MONTREAL—A systematic review of urate-lowering therapy (ULT) studies in patients with chronic kidney disease (CKD) suggests the treatment may significantly improve renal and cardiovascular outcomes.
Patient in the five long-term, randomized, controlled trials (RCTs) who received allopurinol experienced a small but significant improvement in their estimated glomerular filtration rates (eGFRs) compared with those who were on placebo or usual treatment.

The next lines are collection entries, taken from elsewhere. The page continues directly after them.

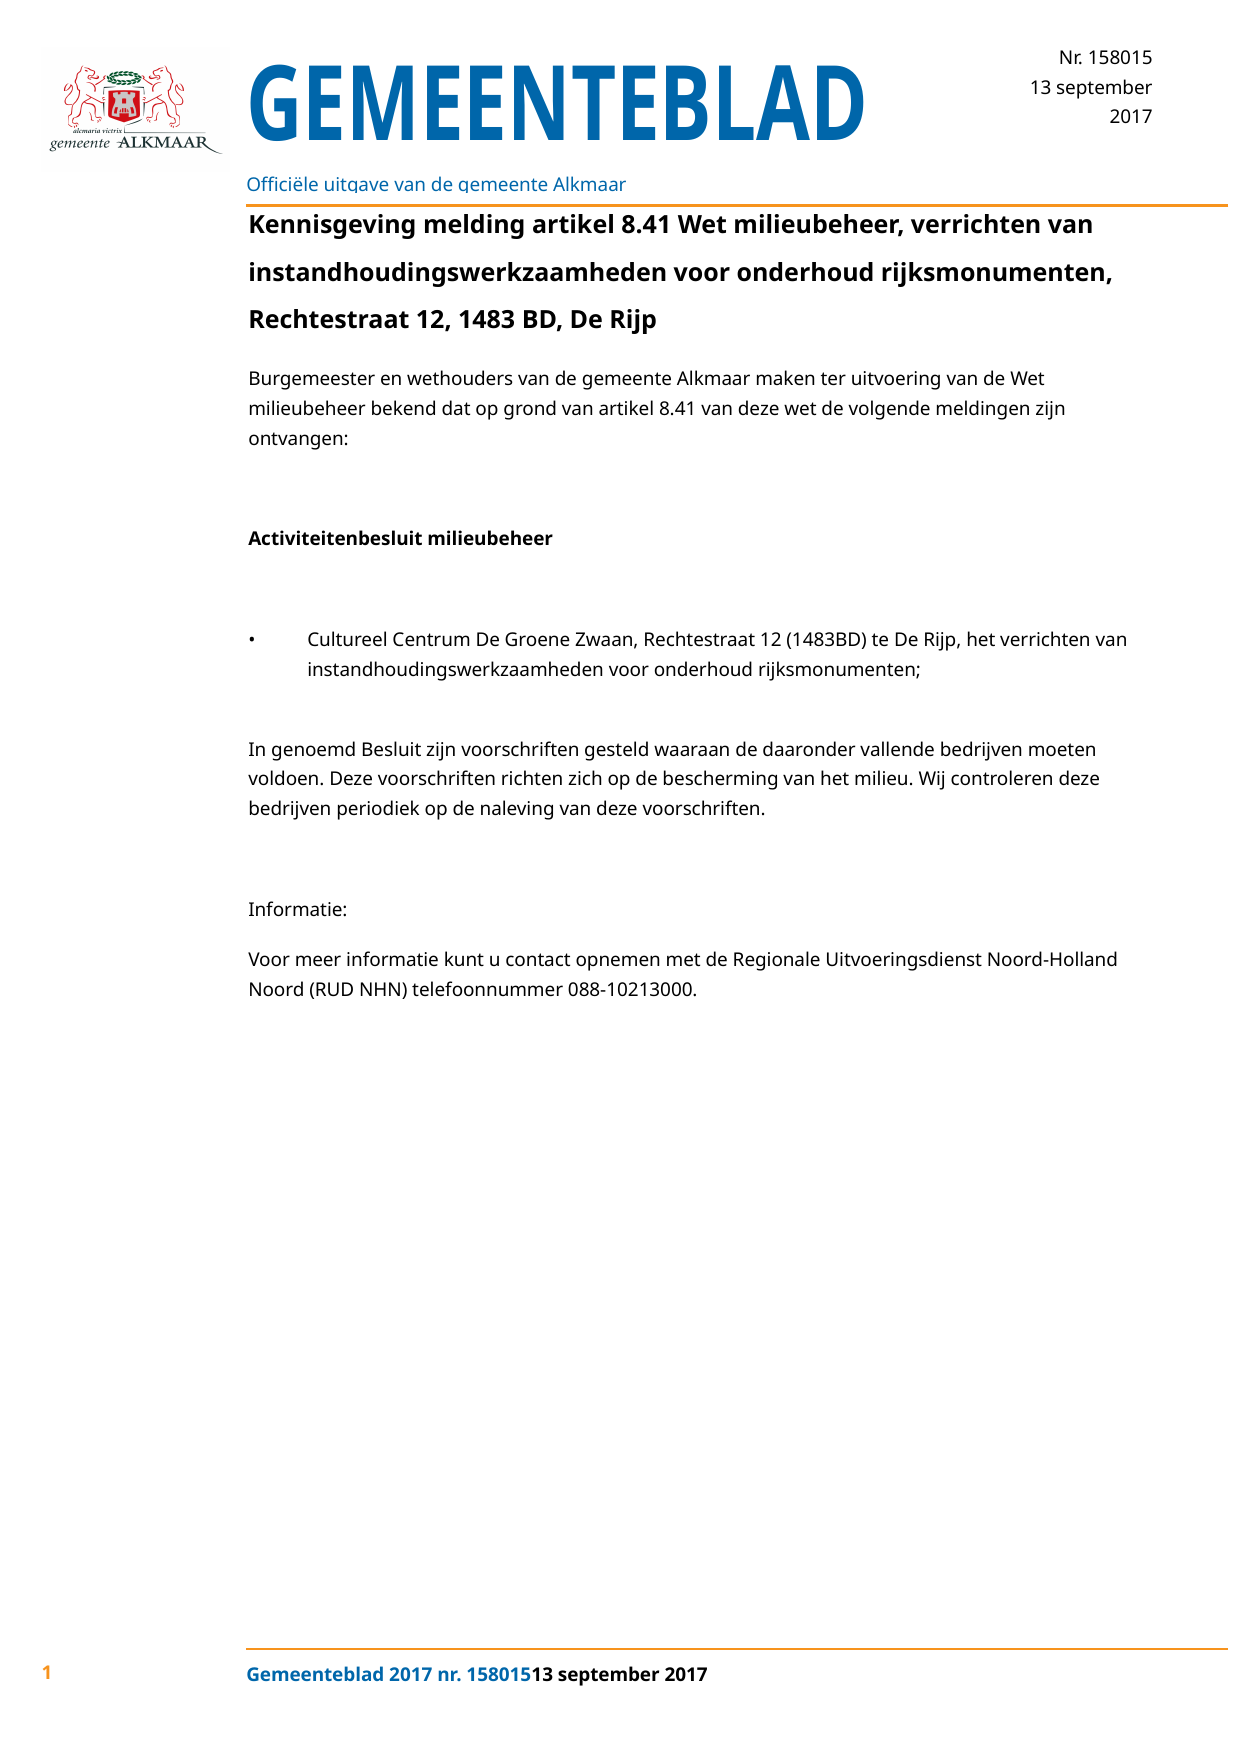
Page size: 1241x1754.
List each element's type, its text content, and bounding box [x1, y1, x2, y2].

text Burgemeester en wethouders van de gemeente Alkmaar maken ter uitvoering van de Wet milieubeheer bekend dat op grond van artikel 8.41 van deze wet de volgende meldingen zijn ontvangen: [248, 366, 1152, 450]
text Informatie: [248, 896, 1152, 922]
text In genoemd Besluit zijn voorschriften gesteld waaraan de daaronder vallende bedrijven moeten voldoen. Deze voorschriften richten zich op de bescherming van het milieu. Wij controleren deze bedrijven periodiek op de naleving van deze voorschriften. [248, 736, 1152, 821]
picture [41, 47, 231, 172]
list Cultureel Centrum De Groene Zwaan, Rechtestraat 12 (1483BD) te De Rijp, het verrichten van instandhoudingswerkzaamheden voor onderhoud rijksmonumenten; [248, 626, 1152, 682]
text Activiteitenbesluit milieubeheer [248, 526, 1152, 551]
text Kennisgeving melding artikel 8.41 Wet milieubeheer, verrichten van instandhoudingswerkzaamheden voor onderhoud rijksmonumenten, Rechtestraat 12, 1483 BD, De Rijp [248, 207, 1152, 336]
text Voor meer informatie kunt u contact opnemen met de Regionale Uitvoeringsdienst Noord-Holland Noord (RUD NHN) telefoonnummer 088-10213000. [248, 946, 1152, 1002]

The researchers also identified trends toward reduction of blood pressure and proteinuria favoring allopurinol.
“These results raise some interesting questions,” lead author Tahir Kanji told Renal & Urology News at the Canadian Society of Nephrology’s 2013 annual meeting, where he and his co-investigators presented the results in poster form. “Are these drugs actually renoprotective or is the eGFR improvement due to alternative explanations such as hemodynamic mechanisms?”

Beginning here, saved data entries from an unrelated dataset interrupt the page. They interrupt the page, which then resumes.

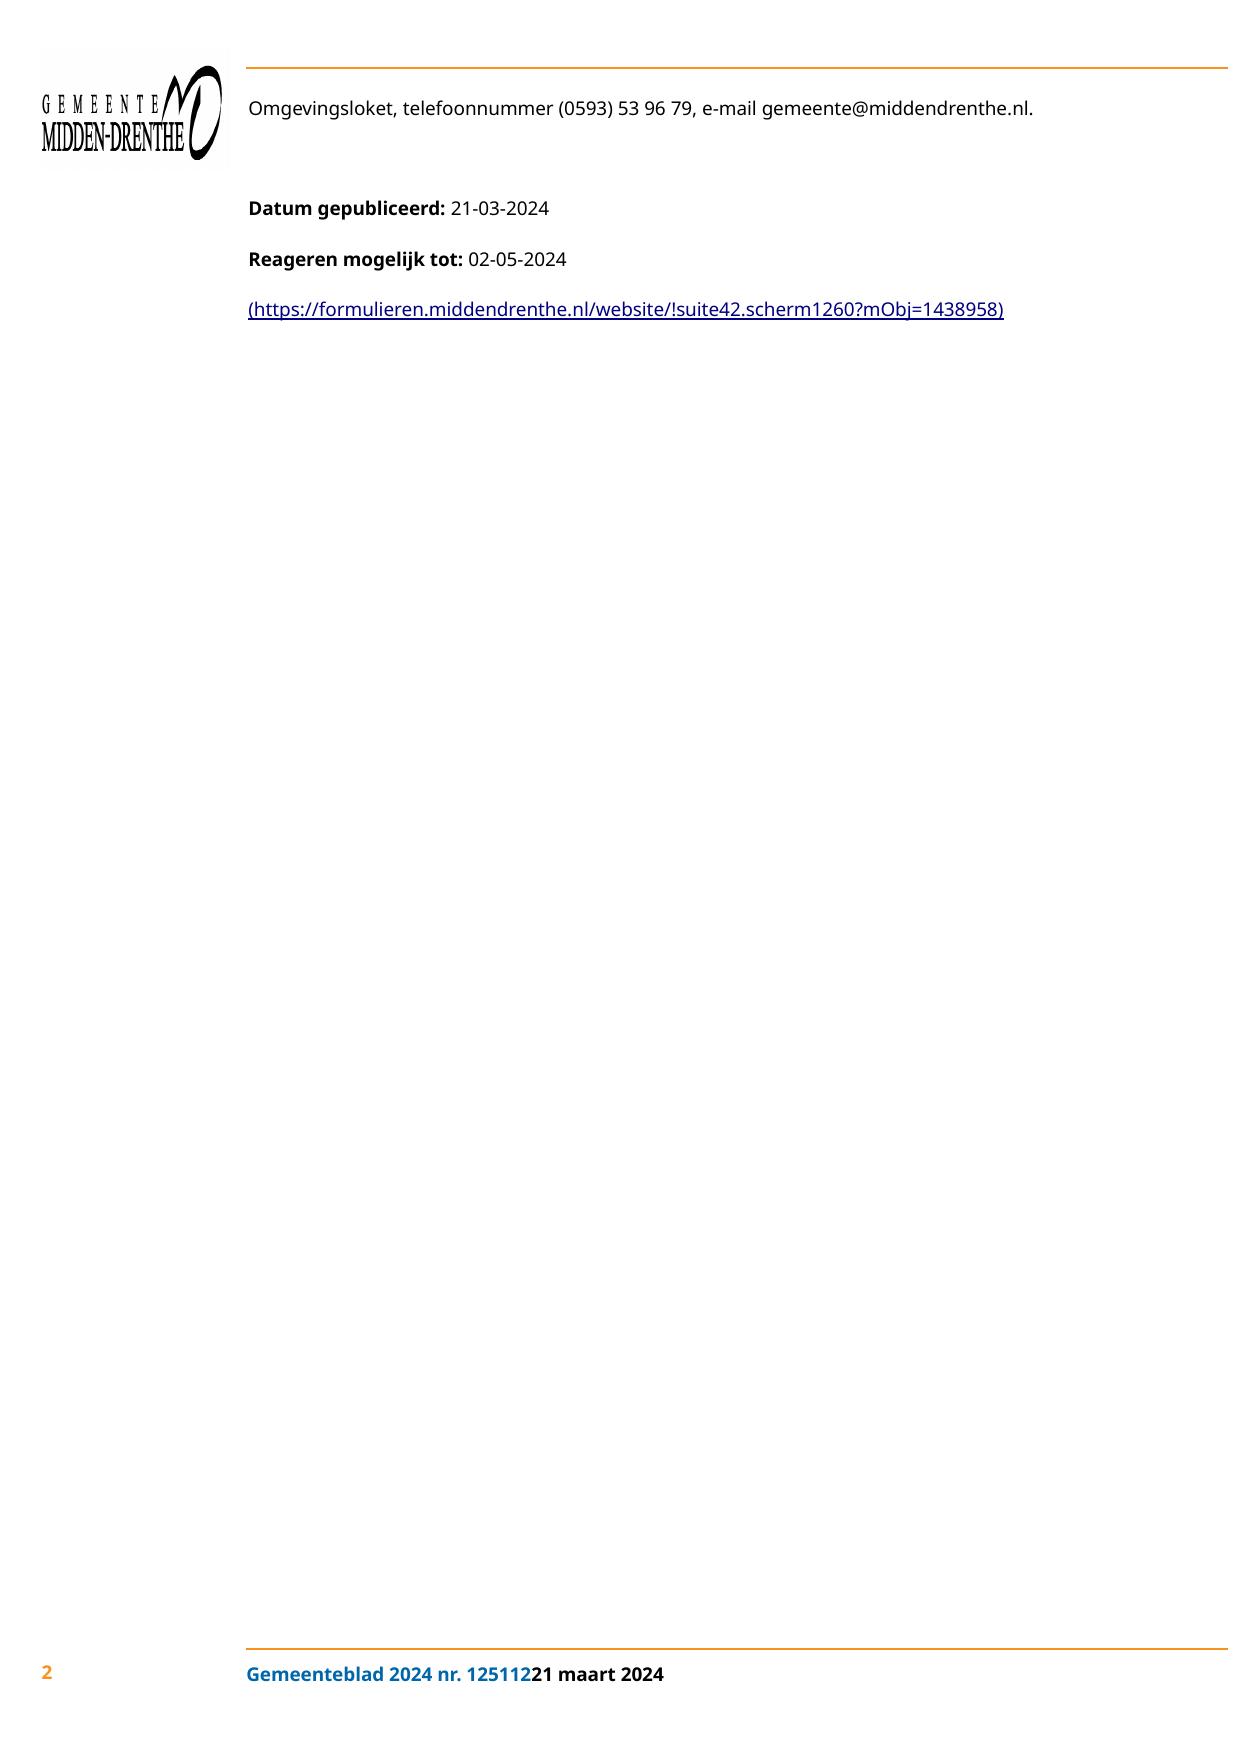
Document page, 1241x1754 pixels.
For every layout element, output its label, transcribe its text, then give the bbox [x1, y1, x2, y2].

text Omgevingsloket, telefoonnummer (0593) 53 96 79, e-mail gemeente@middendrenthe.nl. [248, 95, 1152, 121]
text Reageren mogelijk tot: 02-05-2024 [248, 246, 1152, 272]
text (https://formulieren.middendrenthe.nl/website/!suite42.scherm1260?mObj=1438958) [248, 296, 1152, 322]
picture [41, 47, 231, 172]
text Datum gepubliceerd: 21-03-2024 [248, 196, 1152, 221]

Kanji, a medical student at McMaster University, Hamilton, Ontario, noted this is a “hot” area of research right now, and a large trial will be presented by Takeda researchers at Kidney Week 2013 meeting this November.
He conducted the systematic review with Mandark Gandhi, another medical student, under the supervision of nephrology professor Robert Yang, MD. They used Medline, Embase, Central and Web of Science to find RCTs published up to September 2012.
Twelve RCTs published in peer-reviewed journals fit their criteria of focusing on patients with stages 3-5 CKD and comparing a form of ULT to placebo, usual care, or another ULT. The most commonly used therapy in the treatment arms was allopurinol; benzbromarone, losartan, amlodipine, and rasburicase were also studied. The comparators were placebo, usual therapy, no treatment, and in some cases enalapril or tertatolol.
The team found a potential for bias in many of the studies. “This makes our results somewhat less reliable,” Kanji noted.
They used Forest plots to visually display the effects of ULT in the RCTs individually and collectively. The plot of eGFR revealed that ULT significantly enhanced eGFR, by 3.17 mL/min/1.73 m2. As expected, they found a significant reduction in serum uric acid favoring allopurinol.
“The implication of our research is that a larger RCT needs to be conducted,” Kanji said. “Our meta-analysis is suggestive of a possible pathogenic role of uric acid and benefits from uric-acid lowering, but more evidence is definitely needed.”